Knowledge-Graph-UI (KG-UI) is an open-source web-based user interface built for KGs stored in Neo4j. The UI features Cypher queries for viewing immediate neighbors as well as shortest paths between two entities. Additionally, the API can be extended to add other functions such as enrichment analy...
Overview
KG-UI is an innovative knowledge graph user interface designed specifically for Neo4j knowledge graph databases, making it a valuable tool for bioinformatics applications. With its intuitive design and robust capabilities, it provides users the resources they need to effectively manage and interact with complex datasets.
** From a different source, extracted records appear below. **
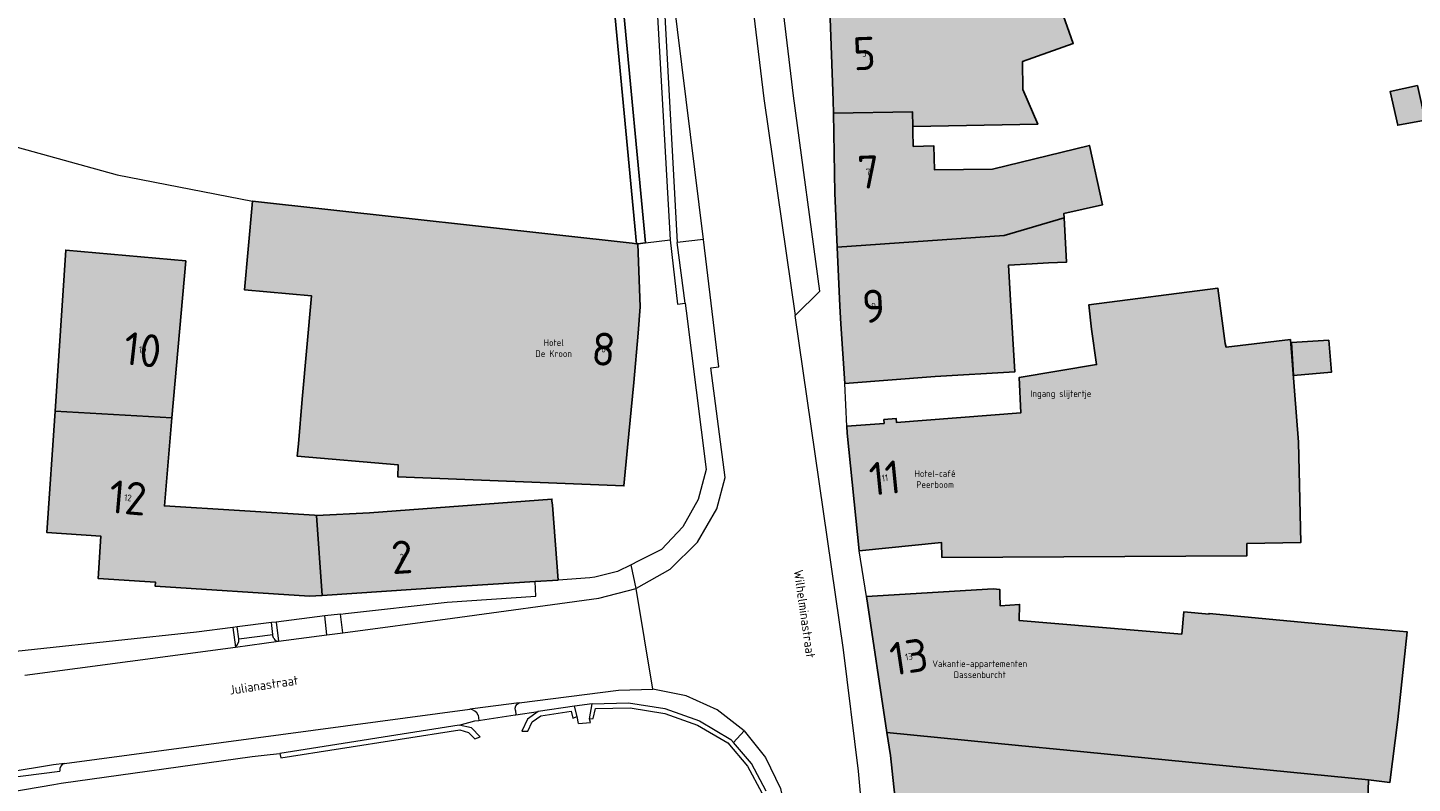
# Model space of a CAD drawing. Header units: metres. Extents: x 191562 to 192551, y 309453 to 310109.
# Tile 22 of 49: x 192005 to 192110, y 309723 to 309780. Entities that reach past the tile are written whole.
import ezdxf
from ezdxf.enums import TextEntityAlignment as Align

# ---------------------------------------------------------------- set-up
doc = ezdxf.new("R2010")
doc.units = ezdxf.units.M
for name, color, linetype, lineweight in [('B-WE-GK-KEERWAND-GV', 253, 'Continuous', 9), ('B-WE-IE-TERREINAFSCHEIDING_KUNSTMATIG_MUUR-GV', 250, 'Continuous', 25), ('B-WE-OG-BEBOUWING-GV', 250, 'Continuous', 25), ('B-WE-OG-BEBOUWING-T18', 1, 'Continuous', 25), ('B-WE-OG-TERREIN_ERF-GV', 253, 'Continuous', 9), ('B-WE-OG-TOPOGRAFIE-T18', 2, 'Continuous', 35), ('B-WE-VH-GESLOTENVERHARDING_ASFALT-GV', 253, 'Continuous', 9), ('B-WE-VH-HALFVERHARDING-GV', 253, 'Continuous', 9), ('B-WE-VH-ONVERHARD-GV', 253, 'Continuous', 9), ('B-WE-VH-OPENVERHARDING_STRAATBAKSTEEN-GV', 253, 'Continuous', 9), ('B-WE-VH-TEGEL-GV', 253, 'Continuous', 9), ('X-XX-AL-T25', 1, 'Continuous', 25), ('X-XX-AL-T25_1000', 1, 'Continuous', 25)]:
    doc.layers.add(name, color=color, linetype=linetype, lineweight=lineweight)
doc.layers.add('B-WE-OG-BEBOUWING-V', color=7, linetype='Continuous', lineweight=5, true_color=0xfff3f2)
doc.styles.add('NLCS-ISO-M200-T18', font='NLCS-ISO.ttf', dxfattribs={"height": 0.36})
doc.styles.add('NLCS-ISO-M500-T25', font='NLCS-ISO.ttf', dxfattribs={"height": 1.25})

msp = doc.modelspace()

# ---------------------------------------------------------------- hatches: boundary and pattern name
at = {"layer": 'B-WE-OG-BEBOUWING-V'}
for points in [[(192066.15, 309773.25), (192072.135, 309773.36), (192072.155, 309772.261), (192081.623, 309772.435), (192080.479, 309775.043), (192080.455, 309777.165), (192084.304, 309778.538), (192083.258, 309781.47), (192083.236, 309781.538), (192080.41, 309781.026), (192080.401, 309781.805), (192075.337, 309781.721), (192075.308, 309783.024), (192075.29, 309783.524), (192072.223, 309783.411), (192072.241, 309782.911), (192072.298, 309781.372), (192070.467, 309781.304), (192065.852, 309781.133), (192066.108, 309774.217)], [(192110.385, 309775.359), (192108.312, 309774.897), (192108.896, 309772.341), (192110.984, 309772.734)], [(192066.427, 309763.122), (192079.073, 309763.983), (192083.621, 309765.342), (192083.604, 309765.663), (192086.522, 309766.306), (192085.529, 309770.815), (192078.201, 309769.021), (192073.792, 309768.972), (192073.751, 309770.773), (192072.183, 309770.744), (192072.162, 309771.885), (192072.155, 309772.261), (192072.135, 309773.36), (192066.15, 309773.25), (192066.246, 309767.193)], [(192025.889, 309751.61), (192025.589, 309748.21), (192025.507, 309747.275), (192033.154, 309746.62), (192033.116, 309745.717), (192050.256, 309745.027), (192050.541, 309747.943), (192051.022, 309752.864), (192051.334, 309756.594), (192051.501, 309758.59), (192051.304, 309763.361), (192051.207, 309763.372), (192050.894, 309763.407), (192022.109, 309766.606), (192021.79, 309762.959), (192021.52, 309759.872), (192026.577, 309759.43)], [(192066.427, 309763.122), (192066.626, 309758.63), (192066.697, 309757.303), (192067.004, 309752.795), (192073.838, 309753.318), (192079.883, 309753.673), (192079.564, 309759.104), (192079.409, 309761.747), (192081.194, 309761.852), (192082.425, 309761.925), (192083.798, 309761.98), (192083.621, 309765.342), (192079.073, 309763.983)], [(192017.07, 309762.072), (192007.965, 309762.889), (192007.15, 309750.681), (192016.004, 309750.195)], [(192095.883, 309755.543), (192095.827, 309755.823), (192095.253, 309760.008), (192085.479, 309758.741), (192085.689, 309756.908), (192086.074, 309754.211), (192080.208, 309753.238), (192080.334, 309750.554), (192070.916, 309749.83), (192070.893, 309750.129), (192069.956, 309750.057), (192069.979, 309749.758), (192067.161, 309749.542), (192067.147, 309749.541), (192067.186, 309749.032), (192068.077, 309740.122), (192074.314, 309740.746), (192074.356, 309739.606), (192097.461, 309739.744), (192097.462, 309740.653), (192101.553, 309740.744), (192101.371, 309748.349), (192100.769, 309756.112)], [(192103.681, 309756.071), (192100.856, 309755.891), (192100.992, 309753.388), (192103.868, 309753.632)], [(192027.404, 309736.737), (192026.955, 309742.791), (192026.802, 309742.801), (192015.444, 309743.517), (192016.004, 309750.195), (192007.15, 309750.681), (192006.537, 309741.493), (192010.628, 309741.22), (192010.415, 309738.027), (192013.947, 309737.791), (192014.755, 309737.737), (192014.735, 309737.438), (192026.446, 309736.674)], [(192027.404, 309736.737), (192036.773, 309737.351), (192043.53, 309737.781), (192045.266, 309737.892), (192044.836, 309743.559), (192044.809, 309743.909), (192044.8, 309744.029), (192030.983, 309742.984), (192026.955, 309742.791)], [(192068.637, 309736.65), (192070.193, 309726.351), (192080.169, 309725.373), (192083.821, 309725.015), (192106.675, 309722.775), (192108.307, 309722.575), (192108.894, 309727.336), (192109.615, 309733.966), (192106.132, 309734.285), (192094.604, 309735.368), (192094.6, 309735.324), (192092.685, 309735.483), (192092.535, 309733.805), (192085.917, 309734.363), (192080.197, 309734.845), (192080.244, 309736.055), (192078.772, 309735.933), (192078.748, 309736.833), (192078.739, 309737.187), (192078.246, 309737.227)], [(192070.924, 309720.353), (192071.689, 309713.408), (192083.485, 309714.424), (192083.617, 309712.889), (192094.891, 309713.039), (192094.891, 309712.533), (192106.369, 309713.292), (192106.387, 309713.524), (192106.42, 309714.572), (192106.556, 309718.949), (192106.675, 309722.775), (192083.821, 309725.015), (192080.169, 309725.373), (192070.193, 309726.351), (192070.455, 309724.616)]]:
    msp.add_hatch(color=256, dxfattribs=at).paths.add_polyline_path(points)

# ---------------------------------------------------------------- linework, layer by layer
at = {"layer": 'B-WE-GK-KEERWAND-GV'}
for points in [[(192051.229, 309794.011), (192052.785, 309781.024), (192053.765, 309763.654), (192054.319, 309758.797), (192054.894, 309758.868)], [(192043.767, 309727.934), (192042.954, 309727.351), (192042.536, 309726.443), (192042.969, 309726.44), (192043.309, 309727.158)], [(192047.66, 309727.396), (192047.924, 309727.411), (192048.096, 309728.165), (192050.742, 309728.223), (192053.354, 309727.796), (192055.844, 309726.898), (192058.128, 309725.56), (192059.614, 309723.805), (192060.706, 309721.782), (192061.357, 309719.577), (192061.54, 309717.285), (192062.878, 309698.417), (192063.486, 309688.751), (192062.818, 309688.746), (192062.837, 309688.481), (192063.854, 309688.501)]]:
    msp.add_lwpolyline(points, dxfattribs=at)
msp.add_lwpolyline([(192037.835, 309726.559), (192038.482, 309726.359), (192038.956, 309725.874), (192039.364, 309726.021), (192038.704, 309726.699), (192037.781, 309726.905), (192024.192, 309724.768), (192024.256, 309724.424)], close=True, dxfattribs=at)
at = {"layer": 'B-WE-IE-TERREINAFSCHEIDING_KUNSTMATIG_MUUR-GV'}
msp.add_lwpolyline([(192050.155, 309781.9), (192049.468, 309781.835), (192051.207, 309763.372), (192051.304, 309763.361), (192051.894, 309763.431)], close=True, dxfattribs=at)
at = {"layer": 'B-WE-OG-BEBOUWING-GV'}
for points in [[(192066.15, 309773.25), (192072.135, 309773.36), (192072.155, 309772.261), (192081.623, 309772.435), (192080.479, 309775.043), (192080.455, 309777.165), (192084.304, 309778.538), (192083.258, 309781.47), (192083.236, 309781.538), (192080.41, 309781.026), (192080.401, 309781.805), (192075.337, 309781.721), (192075.308, 309783.024), (192075.29, 309783.524), (192072.223, 309783.411), (192072.241, 309782.911), (192072.298, 309781.372), (192070.467, 309781.304), (192065.852, 309781.133), (192066.108, 309774.217)], [(192110.385, 309775.359), (192108.312, 309774.897), (192108.896, 309772.341), (192110.984, 309772.734)], [(192066.427, 309763.122), (192079.073, 309763.983), (192083.621, 309765.342), (192083.604, 309765.663), (192086.522, 309766.306), (192085.529, 309770.815), (192078.201, 309769.021), (192073.792, 309768.972), (192073.751, 309770.773), (192072.183, 309770.744), (192072.162, 309771.885), (192072.155, 309772.261), (192072.135, 309773.36), (192066.15, 309773.25), (192066.246, 309767.193)], [(192025.889, 309751.61), (192025.589, 309748.21), (192025.507, 309747.275), (192033.154, 309746.62), (192033.116, 309745.717), (192050.256, 309745.027), (192050.541, 309747.943), (192051.022, 309752.864), (192051.334, 309756.594), (192051.501, 309758.59), (192051.304, 309763.361), (192051.207, 309763.372), (192050.894, 309763.407), (192022.109, 309766.606), (192021.79, 309762.959), (192021.52, 309759.872), (192026.577, 309759.43)], [(192066.427, 309763.122), (192066.626, 309758.63), (192066.697, 309757.303), (192067.004, 309752.795), (192073.838, 309753.318), (192079.883, 309753.673), (192079.564, 309759.104), (192079.409, 309761.747), (192081.194, 309761.852), (192082.425, 309761.925), (192083.798, 309761.98), (192083.621, 309765.342), (192079.073, 309763.983)], [(192017.07, 309762.072), (192007.965, 309762.889), (192007.15, 309750.681), (192016.004, 309750.195)], [(192095.883, 309755.543), (192095.827, 309755.823), (192095.253, 309760.008), (192085.479, 309758.741), (192085.689, 309756.908), (192086.074, 309754.211), (192080.208, 309753.238), (192080.334, 309750.554), (192070.916, 309749.83), (192070.893, 309750.129), (192069.956, 309750.057), (192069.979, 309749.758), (192067.161, 309749.542), (192067.147, 309749.541), (192067.186, 309749.032), (192068.077, 309740.122), (192074.314, 309740.746), (192074.356, 309739.606), (192097.461, 309739.744), (192097.462, 309740.653), (192101.553, 309740.744), (192101.371, 309748.349), (192100.769, 309756.112)], [(192103.681, 309756.071), (192100.856, 309755.891), (192100.992, 309753.388), (192103.868, 309753.632)], [(192027.404, 309736.737), (192026.955, 309742.791), (192026.802, 309742.801), (192015.444, 309743.517), (192016.004, 309750.195), (192007.15, 309750.681), (192006.537, 309741.493), (192010.628, 309741.22), (192010.415, 309738.027), (192013.947, 309737.791), (192014.755, 309737.737), (192014.735, 309737.438), (192026.446, 309736.674)], [(192027.404, 309736.737), (192036.773, 309737.351), (192043.53, 309737.781), (192045.266, 309737.892), (192044.836, 309743.559), (192044.809, 309743.909), (192044.8, 309744.029), (192030.983, 309742.984), (192026.955, 309742.791)], [(192068.637, 309736.65), (192070.193, 309726.351), (192080.169, 309725.373), (192083.821, 309725.015), (192106.675, 309722.775), (192108.307, 309722.575), (192108.894, 309727.336), (192109.615, 309733.966), (192106.132, 309734.285), (192094.604, 309735.368), (192094.6, 309735.324), (192092.685, 309735.483), (192092.535, 309733.805), (192085.917, 309734.363), (192080.197, 309734.845), (192080.244, 309736.055), (192078.772, 309735.933), (192078.748, 309736.833), (192078.739, 309737.187), (192078.246, 309737.227)], [(192070.924, 309720.353), (192071.689, 309713.408), (192083.485, 309714.424), (192083.617, 309712.889), (192094.891, 309713.039), (192094.891, 309712.533), (192106.369, 309713.292), (192106.387, 309713.524), (192106.42, 309714.572), (192106.556, 309718.949), (192106.675, 309722.775), (192083.821, 309725.015), (192080.169, 309725.373), (192070.193, 309726.351), (192070.455, 309724.616)]]:
    msp.add_lwpolyline(points, close=True, dxfattribs=at)
at = {"layer": 'B-WE-OG-TERREIN_ERF-GV'}
for points in [[(192083.258, 309781.47), (192084.304, 309778.538), (192080.455, 309777.165), (192080.479, 309775.043), (192081.623, 309772.435), (192072.155, 309772.261), (192072.162, 309771.885), (192072.183, 309770.744), (192073.751, 309770.773), (192073.792, 309768.972), (192078.201, 309769.021), (192085.529, 309770.815), (192086.522, 309766.306), (192083.604, 309765.663), (192083.621, 309765.342), (192083.798, 309761.98), (192082.425, 309761.925), (192081.194, 309761.852), (192079.409, 309761.747), (192079.564, 309759.104), (192079.883, 309753.673), (192073.838, 309753.318), (192067.004, 309752.795)], [(192051.304, 309763.361), (192051.501, 309758.59), (192051.334, 309756.594), (192051.022, 309752.864), (192050.541, 309747.943), (192050.256, 309745.027), (192033.116, 309745.717), (192033.154, 309746.62), (192025.507, 309747.275), (192025.589, 309748.21), (192025.889, 309751.61), (192026.577, 309759.43), (192021.52, 309759.872), (192021.79, 309762.959), (192022.109, 309766.606)], [(192028.778, 309735.323), (192029.172, 309735.372), (192036.877, 309736.228), (192043.592, 309736.664), (192043.53, 309737.781), (192036.773, 309737.351), (192027.404, 309736.737), (192026.446, 309736.674), (192014.735, 309737.438), (192014.755, 309737.737), (192013.947, 309737.791), (192010.415, 309738.027), (192010.628, 309741.22), (192006.537, 309741.493), (192007.15, 309750.681), (192007.965, 309762.889), (192017.07, 309762.072), (192016.004, 309750.195), (192015.444, 309743.517), (192026.802, 309742.801), (192026.955, 309742.791), (192030.983, 309742.984), (192044.8, 309744.029), (192044.809, 309743.909), (192044.836, 309743.559), (192045.266, 309737.892)], [(192067.161, 309749.542), (192069.979, 309749.758), (192069.956, 309750.057), (192070.893, 309750.129), (192070.916, 309749.83), (192080.334, 309750.554), (192080.208, 309753.238), (192086.074, 309754.211), (192085.689, 309756.908), (192085.479, 309758.741), (192095.253, 309760.008), (192095.827, 309755.823), (192095.883, 309755.543), (192100.769, 309756.112), (192101.371, 309748.349), (192101.553, 309740.744), (192097.462, 309740.653), (192097.461, 309739.744), (192074.356, 309739.606), (192074.314, 309740.746), (192068.077, 309740.122)], [(192068.637, 309736.65), (192078.246, 309737.227), (192078.739, 309737.187), (192078.748, 309736.833), (192078.772, 309735.933), (192080.244, 309736.055), (192080.197, 309734.845), (192085.917, 309734.363), (192092.535, 309733.805), (192092.685, 309735.483), (192094.6, 309735.324), (192094.604, 309735.368), (192106.132, 309734.285), (192109.615, 309733.966), (192108.894, 309727.336), (192108.307, 309722.575), (192106.675, 309722.775), (192106.556, 309718.949)], [(192046.806, 309727.025), (192046.725, 309727.551)], [(192061.04, 309721.915), (192059.915, 309724.009), (192058.554, 309725.598)]]:
    msp.add_lwpolyline(points, dxfattribs=at)
for points in [[(192108.896, 309772.341), (192108.312, 309774.897), (192110.385, 309775.359), (192110.984, 309772.734)], [(192100.992, 309753.388), (192100.856, 309755.891), (192103.681, 309756.071), (192103.868, 309753.632)]]:
    msp.add_lwpolyline(points, close=True, dxfattribs=at)
at = {"layer": 'B-WE-VH-GESLOTENVERHARDING_ASFALT-GV'}
for points in [[(192059.376, 309726.468), (192060.999, 309724.452), (192062.115, 309722.117), (192062.664, 309719.588), (192068.342, 309720.061), (192068.043, 309723.414), (192066.89, 309732.615), (192063.234, 309757.928)], [(192053.739, 309738.7), (192051.191, 309737.256)], [(192042.319, 309728.596), (192049.855, 309729.549), (192052.441, 309729.64), (192051.191, 309737.256)], [(192007.877, 309724.004), (192038.595, 309728.124)]]:
    msp.add_lwpolyline(points, dxfattribs=at)
at = {"layer": 'B-WE-VH-HALFVERHARDING-GV'}
for points in [[(191959.809, 309783.33), (191967.666, 309781.076), (191975.817, 309779.256), (191985.004, 309776.06), (191996.563, 309772.538), (191998.473, 309772.219), (192004.281, 309770.692), (192011.866, 309768.58), (192022.109, 309766.606), (192050.894, 309763.407), (192051.207, 309763.372)], [(192051.894, 309763.431), (192053.765, 309763.654)]]:
    msp.add_lwpolyline(points, dxfattribs=at)
at = {"layer": 'B-WE-VH-ONVERHARD-GV'}
for points in [[(192054.894, 309758.868), (192054.302, 309763.46)], [(192043.309, 309727.158), (192043.96, 309727.612), (192046.254, 309727.967), (192046.393, 309727.435), (192046.725, 309727.551), (192046.519, 309728.339), (192043.767, 309727.934)]]:
    msp.add_lwpolyline(points, dxfattribs=at)
at = {"layer": 'B-WE-VH-OPENVERHARDING_STRAATBAKSTEEN-GV'}
for points in [[(192049.764, 309808.997), (192052.03, 309794.197), (192053.309, 309781.549), (192054.302, 309763.46)], [(192056.28, 309763.679), (192053.995, 309782.269), (192051.034, 309807.114), (192050.989, 309809.161)], [(192068.342, 309720.061), (192070.924, 309720.353), (192070.455, 309724.616), (192070.193, 309726.351), (192068.637, 309736.65), (192068.077, 309740.122), (192067.186, 309749.032), (192067.147, 309749.541), (192067.161, 309749.542), (192067.004, 309752.795), (192066.697, 309757.303), (192066.626, 309758.63), (192066.427, 309763.122), (192066.246, 309767.193), (192066.15, 309773.25), (192066.108, 309774.217), (192065.852, 309781.133)], [(192027.745, 309733.744), (192028.967, 309733.907), (192028.778, 309735.323), (192027.608, 309735.177)], [(192023.904, 309734.715), (192023.553, 309734.672)], [(192020.821, 309732.82), (192024.086, 309733.256)], [(192023.727, 309733.462), (192023.698, 309733.519), (192023.668, 309733.662), (192023.665, 309733.769)], [(192023.727, 309733.462), (192023.796, 309733.38), (192023.905, 309733.306), (192023.983, 309733.278), (192024.086, 309733.256)], [(192047.841, 309728.515), (192050.617, 309728.599), (192053.361, 309728.164), (192055.975, 309727.225), (192058.368, 309725.815), (192058.554, 309725.598), (192059.376, 309726.468), (192057.333, 309728.057), (192054.98, 309729.134), (192052.441, 309729.64)], [(192042.319, 309728.596), (192038.775, 309728.148), (192038.595, 309728.124)], [(192039.207, 309727.666), (192039.254, 309727.268)], [(192039.254, 309727.268), (192039.404, 309727.29), (192042.018, 309727.676), (192042.071, 309727.684)], [(192042.032, 309728.017), (192042.071, 309727.684)], [(192042.071, 309727.684), (192043.767, 309727.934)], [(192046.806, 309727.025), (192047.719, 309727.103), (192047.66, 309727.396), (192047.841, 309728.515), (192046.519, 309728.339)], [(192007.877, 309724.004), (192007.039, 309723.892), (192003.513, 309723.316), (192002.985, 309723.218)], [(192003.341, 309722.899), (192007.518, 309723.427)]]:
    msp.add_lwpolyline(points, dxfattribs=at)
for points in [[(192061.343, 309789.39), (192058.948, 309790.833), (192059.004, 309789.901), (192060.859, 309774.37), (192063.234, 309757.928), (192065.11, 309759.783), (192063.121, 309774.575)], [(192020.821, 309732.82), (192020.964, 309732.953), (192021.072, 309733.243), (192021.072, 309733.434), (192020.958, 309734.348), (192020.635, 309734.308)]]:
    msp.add_lwpolyline(points, close=True, dxfattribs=at)
msp.add_lwpolyline([(192042.032, 309728.017, -0.3813177), (192042.319, 309728.596)], format="xyb", dxfattribs=at)
at = {"layer": 'B-WE-VH-TEGEL-GV'}
for points in [[(192053.739, 309738.7), (192055.823, 309740.759), (192057.299, 309743.289), (192057.94, 309745.658), (192056.85, 309753.972), (192057.456, 309754.046), (192056.28, 309763.679), (192054.302, 309763.46)], [(192054.894, 309758.868), (192054.984, 309758.287), (192056.498, 309746.274), (192055.887, 309743.993), (192054.736, 309741.931), (192053.116, 309740.213), (192051.345, 309739.319), (192050.811, 309739.055)], [(192028.967, 309733.907), (192037.274, 309735.016), (192048.354, 309736.525), (192051.191, 309737.256), (192050.811, 309739.055), (192049.769, 309738.541), (192048.065, 309738.107), (192047.674, 309738.053), (192045.266, 309737.892), (192043.53, 309737.781)], [(192020.635, 309734.308), (192017.859, 309733.962), (192005.598, 309732.637), (192002.047, 309732.248), (192001.023, 309732.067), (192000, 309731.879), (191992.784, 309730.362), (191985.645, 309728.518), (191981.956, 309727.293), (191982.107, 309726.805), (191978.154, 309725.602), (191978.296, 309725.102), (191975.681, 309724.371), (191975.604, 309724.35)], [(192021.072, 309733.434), (192023.665, 309733.769), (192023.553, 309734.672), (192020.958, 309734.348)], [(192004.854, 309730.689), (192020.821, 309732.82)], [(192037.781, 309726.905), (192038.952, 309727.223), (192039.254, 309727.268)], [(191959.074, 309708.841), (191960.231, 309706.716), (191961.241, 309707.185), (191964.03, 309708.48), (191964.822, 309708.848), (191972.503, 309712.041), (191977.827, 309713.929), (191987.096, 309716.994), (191987.311, 309717.093), (191990.438, 309717.953), (191990.221, 309719.033), (191991.378, 309719.283), (192000.582, 309721.802), (192000.648, 309721.293), (192003.655, 309721.824), (192007.052, 309722.424), (192007.617, 309722.503), (192022.08, 309724.538), (192023.446, 309724.687), (192024.192, 309724.768)]]:
    msp.add_lwpolyline(points, dxfattribs=at)
msp.add_lwpolyline([(192024.086, 309733.256), (192027.745, 309733.744), (192027.608, 309735.177), (192023.904, 309734.715)], close=True, dxfattribs=at)
for points in [[(192039.207, 309727.666, 0.2616429), (192038.595, 309728.124)], [(192007.877, 309724.004, 0.4063367), (192007.518, 309723.427)]]:
    msp.add_lwpolyline(points, format="xyb", dxfattribs=at)

# ---------------------------------------------------------------- texts
at = {"layer": 'B-WE-OG-BEBOUWING-T18', "style": 'NLCS-ISO-M200-T18'}
for s, rotation, p in [('5', 2.2, (192068.48, 309777.783)), ('7', 1.5, (192068.772, 309768.802)), ('9', 3.2, (192069.18, 309758.644)), ('10', 353.5, (192013.785, 309755.335)), ('8', 355.2, (192048.724, 309755.389)), ('11', 5.7, (192070.038, 309745.637)), ('12', 355, (192012.673, 309744.129)), ('2', 3.7, (192033.436, 309739.637)), ('13', 8.6, (192071.853, 309732.092))]:
    msp.add_text(s, height=0.5, rotation=rotation, dxfattribs=at).set_placement(p, align=Align.MIDDLE)
at = {"layer": 'B-WE-OG-TOPOGRAFIE-T18', "style": 'NLCS-ISO-M200-T18'}
for s, rotation, p in [('Wilhelminastraat', 278.21819, (192063.95, 309735.335)), ('Julianastraat', 8.39122, (192022.966, 309729.944))]:
    msp.add_text(s, height=0.7, rotation=rotation, dxfattribs=at).set_placement(p, align=Align.MIDDLE)
at = {"layer": 'X-XX-AL-T25', "char_height": 0.5, "attachment_point": 2, "style": 'NLCS-ISO-M500-T25'}
for s, width, insert in [('\\pxqc;Hotel\\PDe Kroon', 23.49071, (192044.934, 309756.128)), ('Ingang slijtertje', 23.98041, (192083.373, 309752.267)), ('\\pxqc;Hotel-café\\PPeerboom', 31.91792, (192073.837, 309746.211)), ('\\pxqc;Vakantie-appartementen\\PDassenburcht', 30.37832, (192077.221, 309731.809))]:
    msp.add_mtext_dynamic_manual_height_columns(s, width=width, gutter_width=12.34, heights=[0], dxfattribs=dict(at, insert=insert))
at = {"layer": 'X-XX-AL-T25_1000', "style": 'NLCS-ISO-M200-T18'}
for s, rotation, p in [('5', 2.2, (192068.48, 309777.783)), ('7', 1.5, (192068.772, 309768.802)), ('9', 3.2, (192069.18, 309758.644)), ('10', 353.5, (192013.785, 309755.335)), ('8', 355.2, (192048.724, 309755.389)), ('11', 5.7, (192070.038, 309745.637)), ('12', 355, (192012.673, 309744.129)), ('2', 3.7, (192033.436, 309739.637)), ('13', 8.6, (192071.853, 309732.092))]:
    msp.add_text(s, height=2.5, rotation=rotation, dxfattribs=at).set_placement(p, align=Align.MIDDLE)

doc.saveas('drawing.dxf')

Whether you’re a researcher looking to harness the power of knowledge graphs or a developer seeking to integrate this technology into your applications, KG-UI offers an accessible starting point with its comprehensive Jupyter notebooks that guide users through various processes, from creating assertions to setting up the interface.
Features
- User-Friendly Interface: KG-UI simplifies the interaction with Neo4j databases, providing a clean and intuitive layout for easier navigation and data manipulation.
- Comprehensive Tutorials: The included Jupyter notebooks cover essential topics such as Cypher language, assertions creation, and user interface setup, making it easy for users of all skill levels to get started.
- Local Deployment: Running the interface locally is straightforward, requiring simple commands to launch the application for immediate access via a web browser.
- Kubernetes Installation: Seamlessly deploy KG-UI with Kubernetes, enabling users to scale their operations efficiently and manage containerized applications with ease.
- Customization Options: Users can tailor the user interface to fit their specific needs, with detailed examples provided for various customization options.
- Video Tutorials Available: A series of video tutorials help users visualize key concepts and practices, making learning more engaging and effective.